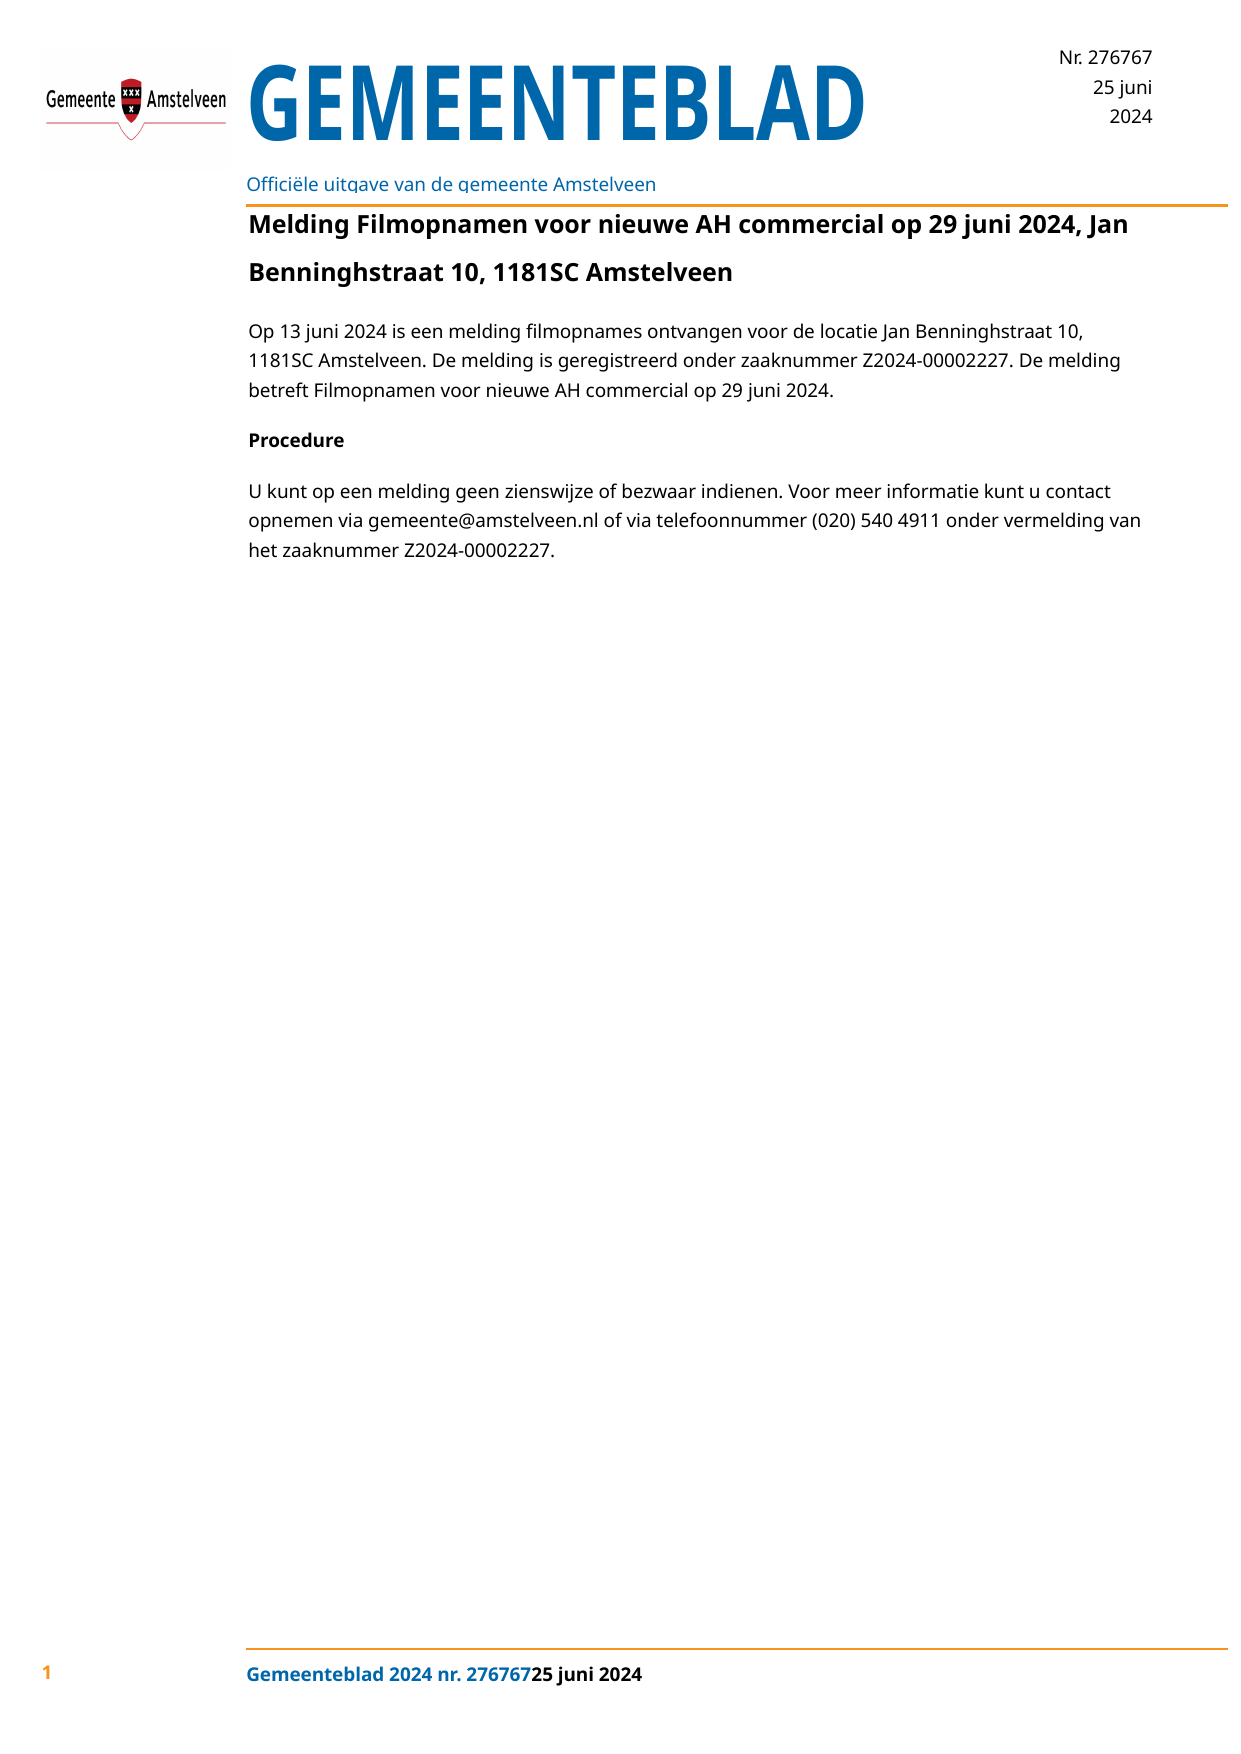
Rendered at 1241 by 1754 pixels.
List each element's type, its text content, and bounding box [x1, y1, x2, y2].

text Procedure [248, 427, 1152, 453]
text U kunt op een melding geen zienswijze of bezwaar indienen. Voor meer informatie kunt u contact opnemen via gemeente@amstelveen.nl of via telefoonnummer (020) 540 4911 onder vermelding van het zaaknummer Z2024-00002227. [248, 478, 1152, 563]
text Melding Filmopnamen voor nieuwe AH commercial op 29 juni 2024, Jan Benninghstraat 10, 1181SC Amstelveen [248, 207, 1152, 288]
text Op 13 juni 2024 is een melding filmopnames ontvangen voor de locatie Jan Benninghstraat 10, 1181SC Amstelveen. De melding is geregistreerd onder zaaknummer Z2024-00002227. De melding betreft Filmopnamen voor nieuwe AH commercial op 29 juni 2024. [248, 318, 1152, 403]
picture [41, 47, 231, 172]
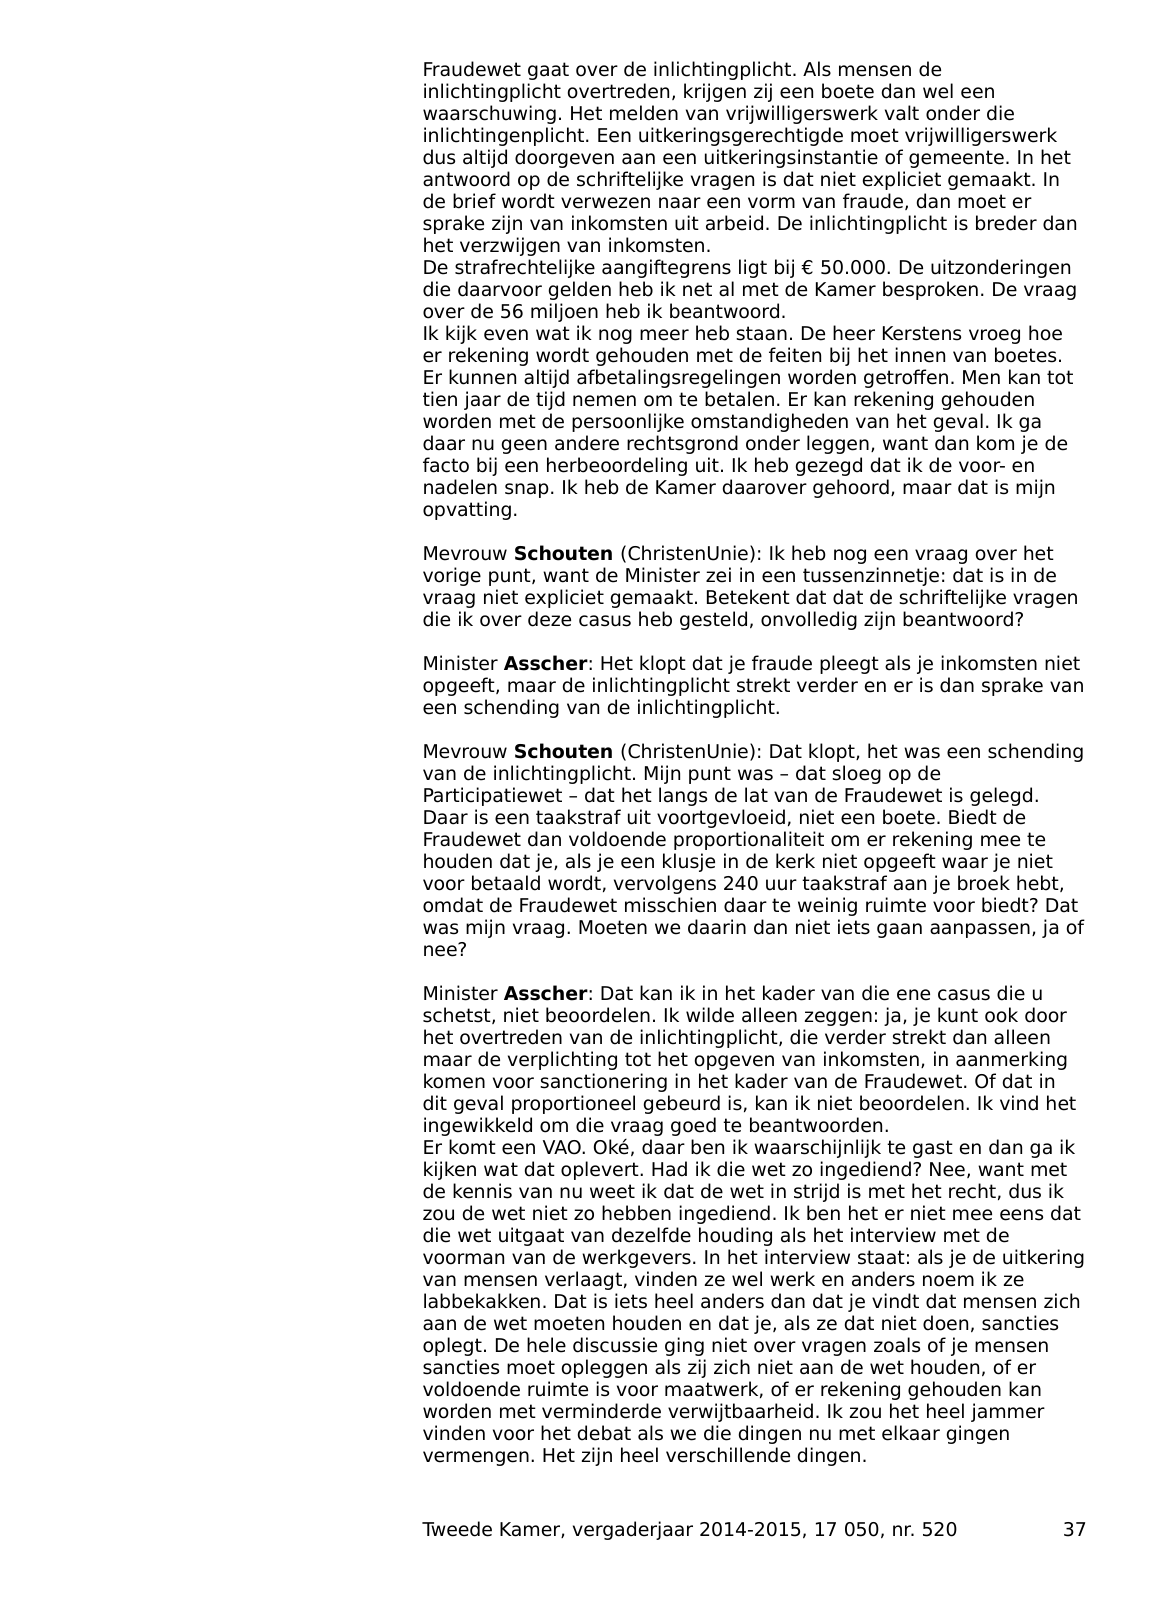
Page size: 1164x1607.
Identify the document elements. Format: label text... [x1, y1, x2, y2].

text Er komt een VAO. Oké, daar ben ik waarschijnlijk te gast en dan ga ik kijken wat dat oplevert. Had ik die wet zo ingediend? Nee, want met de kennis van nu weet ik dat de wet in strijd is met het recht, dus ik zou de wet niet zo hebben ingediend. Ik ben het er niet mee eens dat die wet uitgaat van dezelfde houding als het interview met de voorman van de werkgevers. In het interview staat: als je de uitkering van mensen verlaagt, vinden ze wel werk en anders noem ik ze labbekakken. Dat is iets heel anders dan dat je vindt dat mensen zich aan de wet moeten houden en dat je, als ze dat niet doen, sancties oplegt. De hele discussie ging niet over vragen zoals of je mensen sancties moet opleggen als zij zich niet aan de wet houden, of er voldoende ruimte is voor maatwerk, of er rekening gehouden kan worden met verminderde verwijtbaarheid. Ik zou het heel jammer vinden voor het debat als we die dingen nu met elkaar gingen vermengen. Het zijn heel verschillende dingen. [422, 1137, 1087, 1467]
text Minister Asscher: Dat kan ik in het kader van die ene casus die u schetst, niet beoordelen. Ik wilde alleen zeggen: ja, je kunt ook door het overtreden van de inlichtingplicht, die verder strekt dan alleen maar de verplichting tot het opgeven van inkomsten, in aanmerking komen voor sanctionering in het kader van de Fraudewet. Of dat in dit geval proportioneel gebeurd is, kan ik niet beoordelen. Ik vind het ingewikkeld om die vraag goed te beantwoorden. [422, 983, 1087, 1137]
text Fraudewet gaat over de inlichtingplicht. Als mensen de inlichtingplicht overtreden, krijgen zij een boete dan wel een waarschuwing. Het melden van vrijwilligerswerk valt onder die inlichtingenplicht. Een uitkeringsgerechtigde moet vrijwilligerswerk dus altijd doorgeven aan een uitkeringsinstantie of gemeente. In het antwoord op de schriftelijke vragen is dat niet expliciet gemaakt. In de brief wordt verwezen naar een vorm van fraude, dan moet er sprake zijn van inkomsten uit arbeid. De inlichtingplicht is breder dan het verzwijgen van inkomsten. [422, 59, 1087, 257]
text Minister Asscher: Het klopt dat je fraude pleegt als je inkomsten niet opgeeft, maar de inlichtingplicht strekt verder en er is dan sprake van een schending van de inlichtingplicht. [422, 653, 1087, 719]
text De strafrechtelijke aangiftegrens ligt bij € 50.000. De uitzonderingen die daarvoor gelden heb ik net al met de Kamer besproken. De vraag over de 56 miljoen heb ik beantwoord. [422, 257, 1087, 323]
text Ik kijk even wat ik nog meer heb staan. De heer Kerstens vroeg hoe er rekening wordt gehouden met de feiten bij het innen van boetes. Er kunnen altijd afbetalingsregelingen worden getroffen. Men kan tot tien jaar de tijd nemen om te betalen. Er kan rekening gehouden worden met de persoonlijke omstandigheden van het geval. Ik ga daar nu geen andere rechtsgrond onder leggen, want dan kom je de facto bij een herbeoordeling uit. Ik heb gezegd dat ik de voor- en nadelen snap. Ik heb de Kamer daarover gehoord, maar dat is mijn opvatting. [422, 323, 1087, 521]
text Mevrouw Schouten (ChristenUnie): Ik heb nog een vraag over het vorige punt, want de Minister zei in een tussenzinnetje: dat is in de vraag niet expliciet gemaakt. Betekent dat dat de schriftelijke vragen die ik over deze casus heb gesteld, onvolledig zijn beantwoord? [422, 543, 1087, 631]
text Mevrouw Schouten (ChristenUnie): Dat klopt, het was een schending van de inlichtingplicht. Mijn punt was – dat sloeg op de Participatiewet – dat het langs de lat van de Fraudewet is gelegd. Daar is een taakstraf uit voortgevloeid, niet een boete. Biedt de Fraudewet dan voldoende proportionaliteit om er rekening mee te houden dat je, als je een klusje in de kerk niet opgeeft waar je niet voor betaald wordt, vervolgens 240 uur taakstraf aan je broek hebt, omdat de Fraudewet misschien daar te weinig ruimte voor biedt? Dat was mijn vraag. Moeten we daarin dan niet iets gaan aanpassen, ja of nee? [422, 741, 1087, 961]

----------------

ASSIGNMENT
Once the line with "text U kunt" is found in the data above, reproduce it and each line after it exactly, through the line with "Identify the document". Omit the pictures.

PROBLEM SOLUTION
text U kunt op een melding geen zienswijze of bezwaar indienen. Voor meer informatie kunt u contact opnemen via gemeente@amstelveen.nl of via telefoonnummer (020) 540 4911 onder vermelding van het zaaknummer Z2024-00002227. [248, 478, 1152, 563]
text Melding Filmopnamen voor nieuwe AH commercial op 29 juni 2024, Jan Benninghstraat 10, 1181SC Amstelveen [248, 207, 1152, 288]
text Op 13 juni 2024 is een melding filmopnames ontvangen voor de locatie Jan Benninghstraat 10, 1181SC Amstelveen. De melding is geregistreerd onder zaaknummer Z2024-00002227. De melding betreft Filmopnamen voor nieuwe AH commercial op 29 juni 2024. [248, 318, 1152, 403]
picture [41, 47, 231, 172]
Page size: 1164x1607.
Identify the document elements. Format: label text... [x1, y1, x2, y2].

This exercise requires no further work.